A Randomized Pilot rTMS Trial for Knee Arthritis Pain and Depression

Osteoarthritis (OA) is a major public health problem, and involvement of the knee is especially disabling. Symptomatic knee OA has an incidence rate between 40 to 1,020 per 100,000 person years1 and is among the most common causes of disability worldwide. Knee arthritis pain and disability are highly comorbid wiht depression (30-50%). Currently available treatments offer only limited relief. The Pilot project aims to establish feasibility of the rTMS neuromodulation of response to Tai Chi and improvement in pain and comorbid depression in patients with knee OA. There are several ways in which the pilot project will improve scientific knowledge, and clinical practice: 1) The sequential stimulation of two targets (M1 and l-DLPFC) has not been systematically examined for the treatment of comorbid MDD and knee OA. We hypothesize that using a multi-target rTMS strategy combining M1 and l-DLPFC- active targets will be well tolerated and more effective to treat comorbid symptoms than single site rTMS to M1+l-DLPFCsham. This hypothesis will be tested in Aim 1 of this proposal by comparing two experimental conditions: A) M1active and l-DLPFCactive; and B) M1active and l-DLPFCsham. 2) Identifying the relationship between improvement in pain and depression to improvement in pro-inflammatory cytokines would be novel. Adding an rTMS as a neuromodulation technique with novel stimulation sites to assist in the reduction of symptoms of pain and depression is another scalable to clinical use opportunity that will provide pilot data for future clinical trials. We will perform a pilot feasibility trial of rTMS for those presenting with knee osteoarthritis related pain and moderate to severe depression in 30 volunteers who are undergoing Tai Chi intervention. Tolerability and safety of rTMS added to Tai Chi will be assessed along with changes in symptoms of pain and depression, in preparation to future R-01 applications.

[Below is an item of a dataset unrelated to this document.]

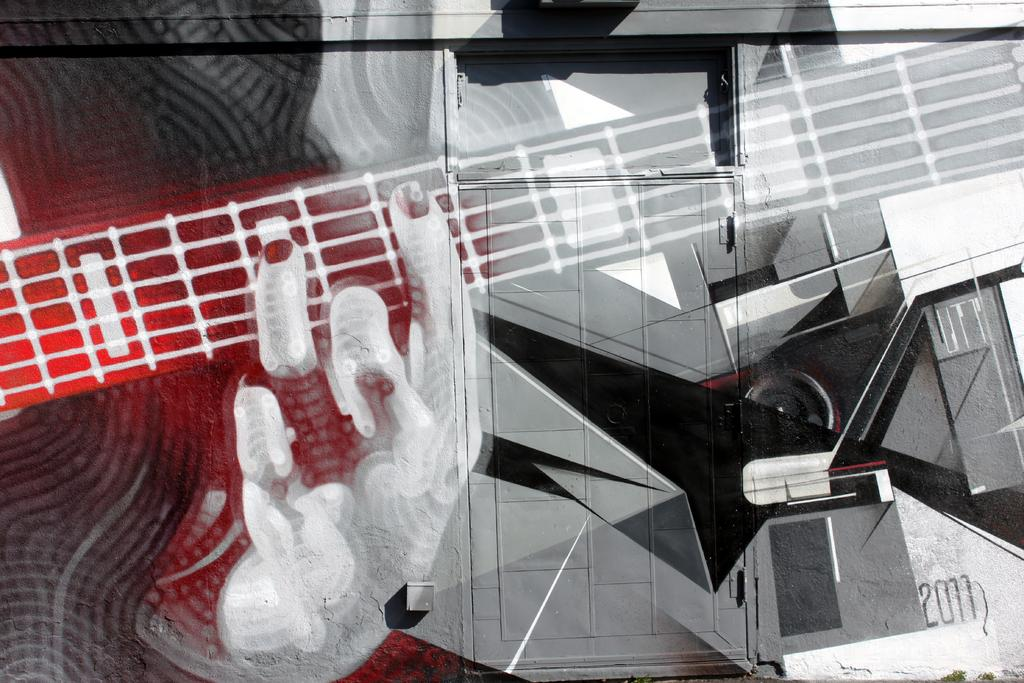Who is the main subject in the image? There is a person in the image. What is the person holding in the image? The person is holding a musical instrument. Can you describe the object that resembles a speaker? Yes, it looks like a speaker, typically used for amplifying sound. What is the person's interest in the image? There is no information provided about the person's interests in the image. Is the person's father present in the image? There is no information provided about the person's father in the image.

Major depressive disorder (MDD) and chronic pain are highly comorbid, especially in women. Pain symptoms can either precede or follow the onset of MDD, suggesting a bidirectional relationship between MDD and chronic pain. Knee OA causes structural and neural pain sensitization changes with segmental and central sensitivity, reduction of pain threshold such as hyperalgesia inside and outside the already sensitized areas, which can lead to generalized pain. Studies also have shown that rTMS can alleviate pain symptoms of different etiologies including FM, headache, neuropathic pain, and complex regional pain syndrome (CRPS). Several studies have highlighted the importance of the interaction between pain and depression, suggesting that the therapeutic effects of rTMS on pain and mood may be mediated by the joint modulation of pain pathways and social and affective regions of the brain. The most effective fibromyalgia pain relief was observed when targeting the primary motor cortex (M1), or the l-DLPFC. Direct comparison of the stimulation of M1, l-DLPFC, and sham on outcome in FM and depressive symptoms and found that while the pain intensity was decreased after M1 stimulation, better overall functional improvement was achieved with rTMS to the l-DLPFC. Our preliminary data show that rTMS treatment for MDD to left DLPFC reduced general pain symptoms in MDD patients, possibly through top-down regulation of pain processing regions, however, rTMS to l-DLPFC failed to improve severe chronic pain symptoms in those with MDD. We hypothesize that targeting two nodes related to depression and pain processing will enhance rTMS treatment outcome for comorbid knee OA and MDD.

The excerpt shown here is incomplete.